SUPPLIED ENTRIES:
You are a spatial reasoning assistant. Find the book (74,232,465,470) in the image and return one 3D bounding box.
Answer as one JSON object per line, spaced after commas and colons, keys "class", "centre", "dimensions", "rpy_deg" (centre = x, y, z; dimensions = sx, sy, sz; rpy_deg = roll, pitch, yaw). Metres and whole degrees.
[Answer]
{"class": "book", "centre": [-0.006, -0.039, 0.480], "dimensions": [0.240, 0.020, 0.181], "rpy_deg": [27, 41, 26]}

...

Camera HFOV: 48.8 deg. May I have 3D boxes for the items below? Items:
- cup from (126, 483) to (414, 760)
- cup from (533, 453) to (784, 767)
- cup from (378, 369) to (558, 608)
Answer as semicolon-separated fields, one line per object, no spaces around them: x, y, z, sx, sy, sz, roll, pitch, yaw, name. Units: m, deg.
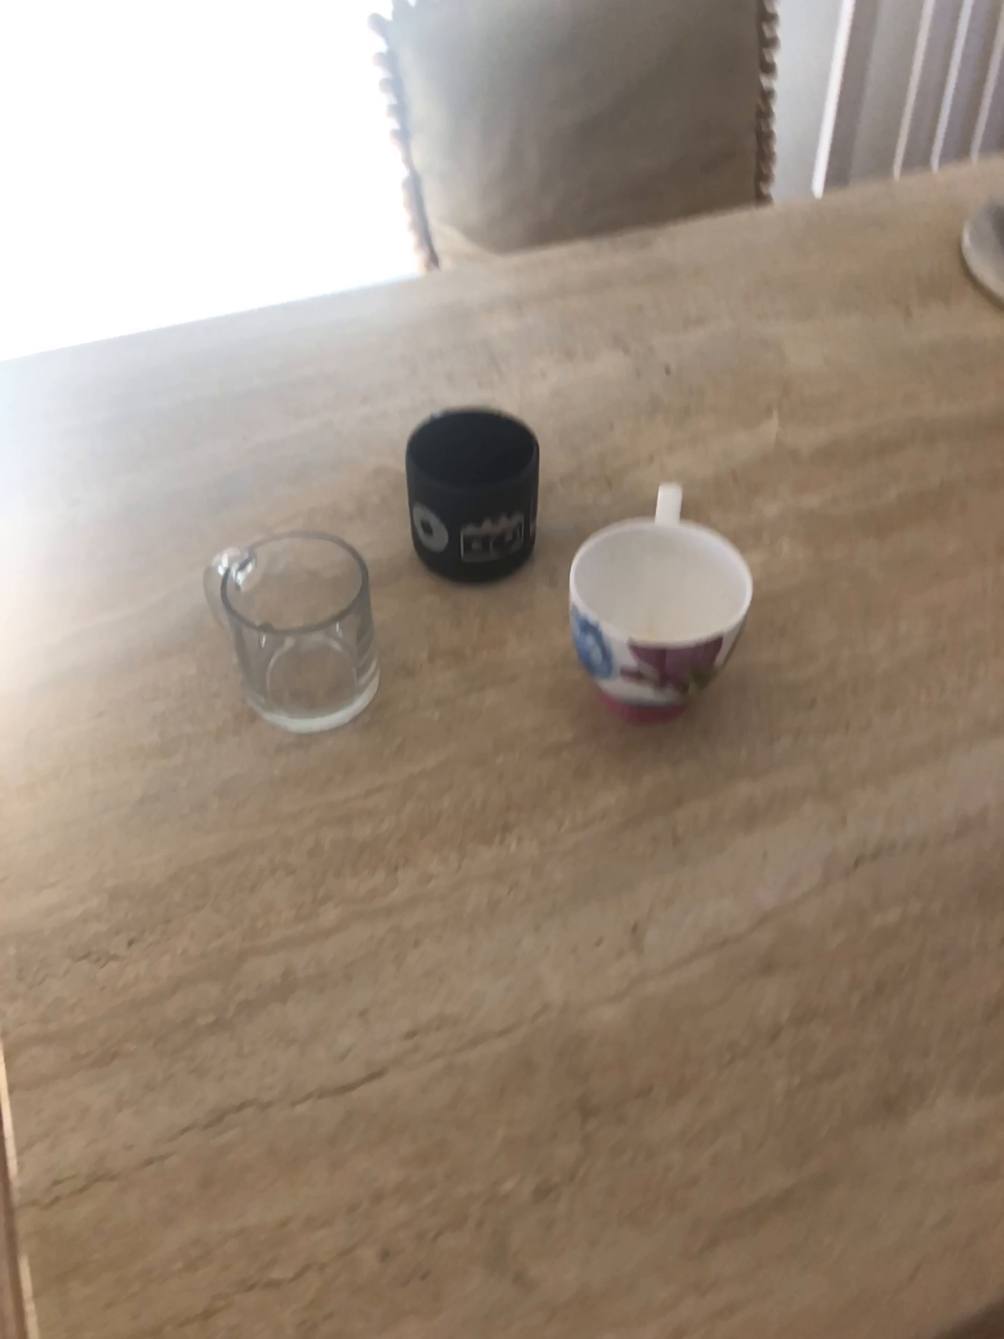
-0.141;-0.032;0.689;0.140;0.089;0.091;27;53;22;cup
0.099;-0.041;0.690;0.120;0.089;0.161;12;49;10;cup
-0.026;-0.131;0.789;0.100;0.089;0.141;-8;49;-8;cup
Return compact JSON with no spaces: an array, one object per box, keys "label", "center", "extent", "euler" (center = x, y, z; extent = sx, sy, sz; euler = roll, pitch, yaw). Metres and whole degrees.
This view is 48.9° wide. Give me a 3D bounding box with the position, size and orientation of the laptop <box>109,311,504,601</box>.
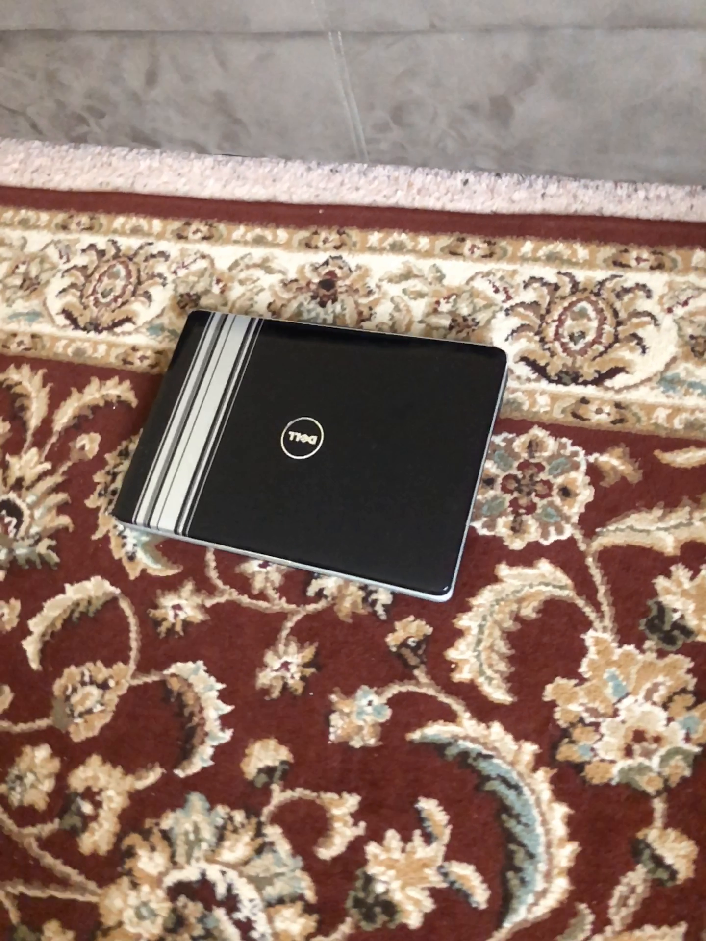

---

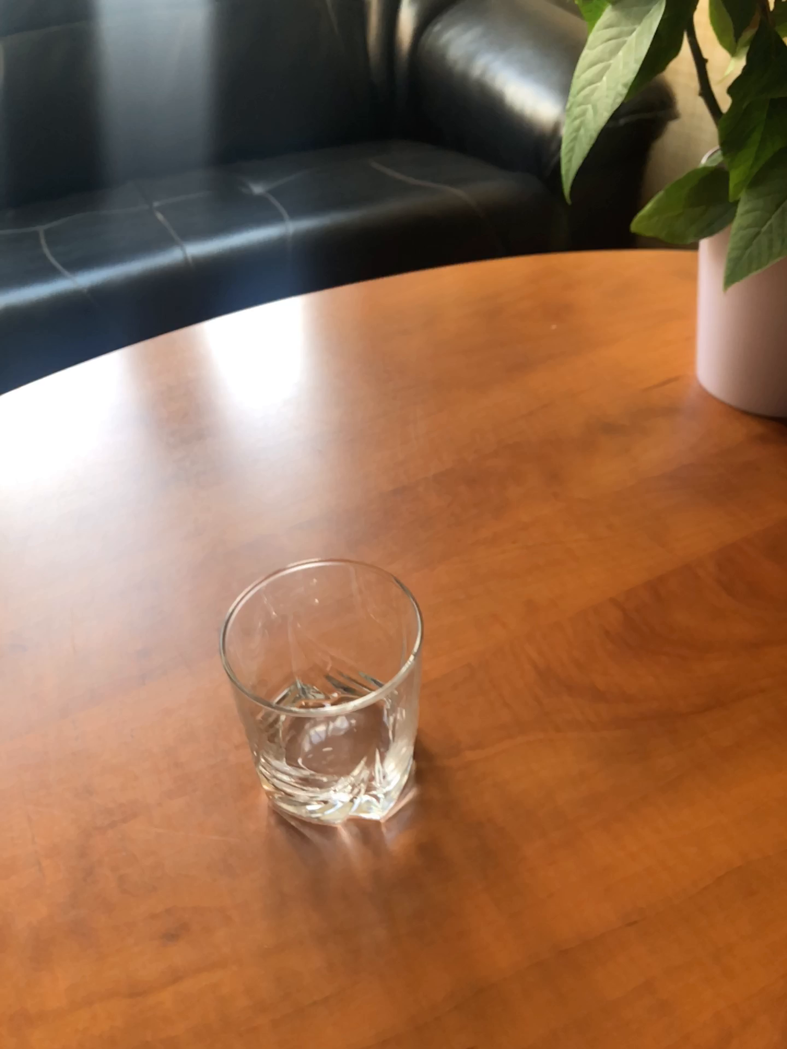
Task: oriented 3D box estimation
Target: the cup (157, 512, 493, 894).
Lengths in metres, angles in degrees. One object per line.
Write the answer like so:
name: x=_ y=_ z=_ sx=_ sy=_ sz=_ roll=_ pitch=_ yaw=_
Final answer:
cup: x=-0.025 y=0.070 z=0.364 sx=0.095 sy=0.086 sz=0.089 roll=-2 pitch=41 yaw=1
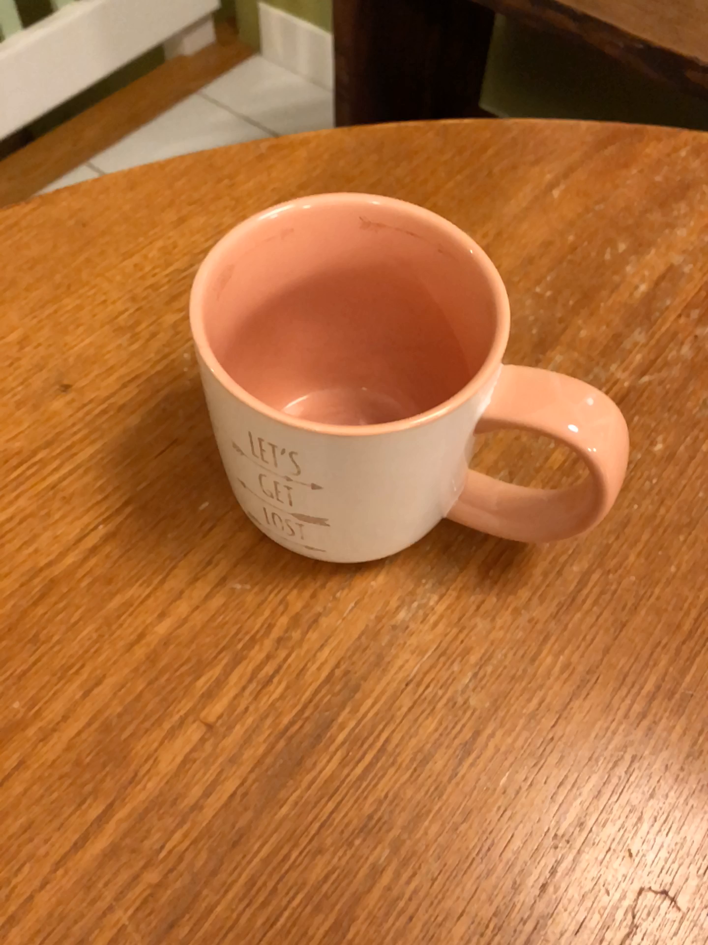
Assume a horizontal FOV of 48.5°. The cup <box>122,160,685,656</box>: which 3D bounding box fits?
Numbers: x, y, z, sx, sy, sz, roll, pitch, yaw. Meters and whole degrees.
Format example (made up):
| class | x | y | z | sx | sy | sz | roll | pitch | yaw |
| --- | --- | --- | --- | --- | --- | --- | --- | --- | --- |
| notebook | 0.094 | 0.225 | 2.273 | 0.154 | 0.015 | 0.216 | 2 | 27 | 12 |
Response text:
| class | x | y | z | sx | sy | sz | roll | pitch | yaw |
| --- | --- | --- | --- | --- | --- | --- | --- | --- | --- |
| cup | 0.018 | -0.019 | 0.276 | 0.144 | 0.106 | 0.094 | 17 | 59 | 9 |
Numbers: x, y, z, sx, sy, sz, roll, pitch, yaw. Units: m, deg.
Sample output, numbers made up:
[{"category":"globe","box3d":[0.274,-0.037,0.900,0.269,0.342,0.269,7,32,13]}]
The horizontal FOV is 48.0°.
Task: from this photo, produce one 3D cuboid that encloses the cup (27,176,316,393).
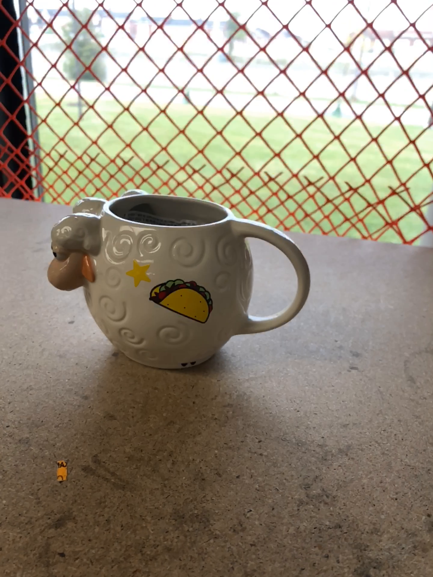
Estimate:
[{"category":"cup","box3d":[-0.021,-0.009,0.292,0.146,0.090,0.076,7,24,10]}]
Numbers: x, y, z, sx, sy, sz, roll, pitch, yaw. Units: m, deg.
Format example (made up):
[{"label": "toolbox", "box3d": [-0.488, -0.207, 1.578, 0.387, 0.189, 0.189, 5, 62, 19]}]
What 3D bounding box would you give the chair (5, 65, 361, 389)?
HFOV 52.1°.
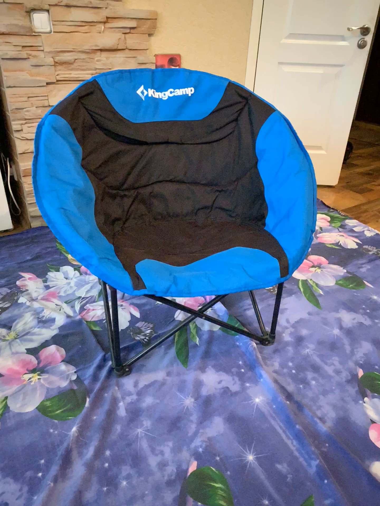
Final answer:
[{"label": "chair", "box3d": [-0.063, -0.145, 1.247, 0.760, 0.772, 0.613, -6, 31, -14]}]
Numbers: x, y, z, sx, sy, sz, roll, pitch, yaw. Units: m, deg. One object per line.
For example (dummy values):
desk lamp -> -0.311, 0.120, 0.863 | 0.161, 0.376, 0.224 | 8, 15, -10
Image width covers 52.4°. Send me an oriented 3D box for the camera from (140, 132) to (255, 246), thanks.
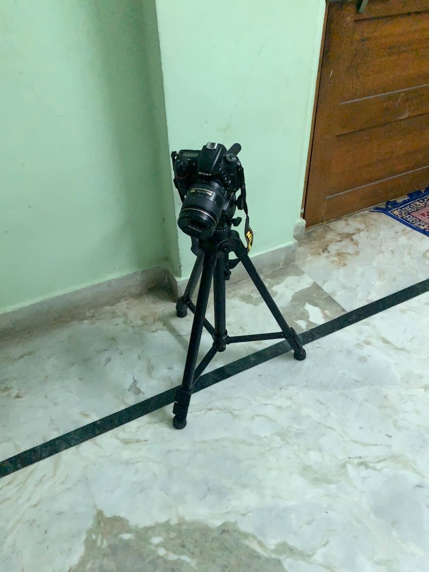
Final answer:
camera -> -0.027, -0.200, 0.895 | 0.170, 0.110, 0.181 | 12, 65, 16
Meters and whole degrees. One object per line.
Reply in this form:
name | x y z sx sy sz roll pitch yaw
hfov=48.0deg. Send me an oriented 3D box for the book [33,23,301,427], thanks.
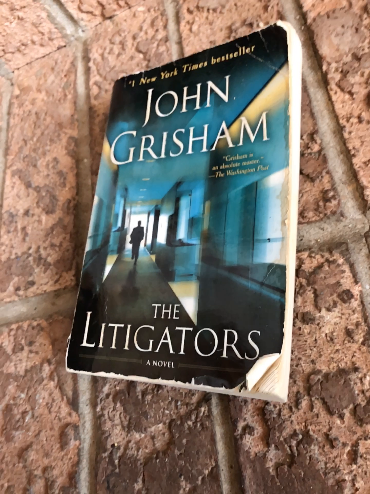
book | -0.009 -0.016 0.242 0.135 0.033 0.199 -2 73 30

EXERCISE DIRECTIONS:
Your reply should be one number: how many lines in the records contain "Task".

WRITTEN RESPONSE:
2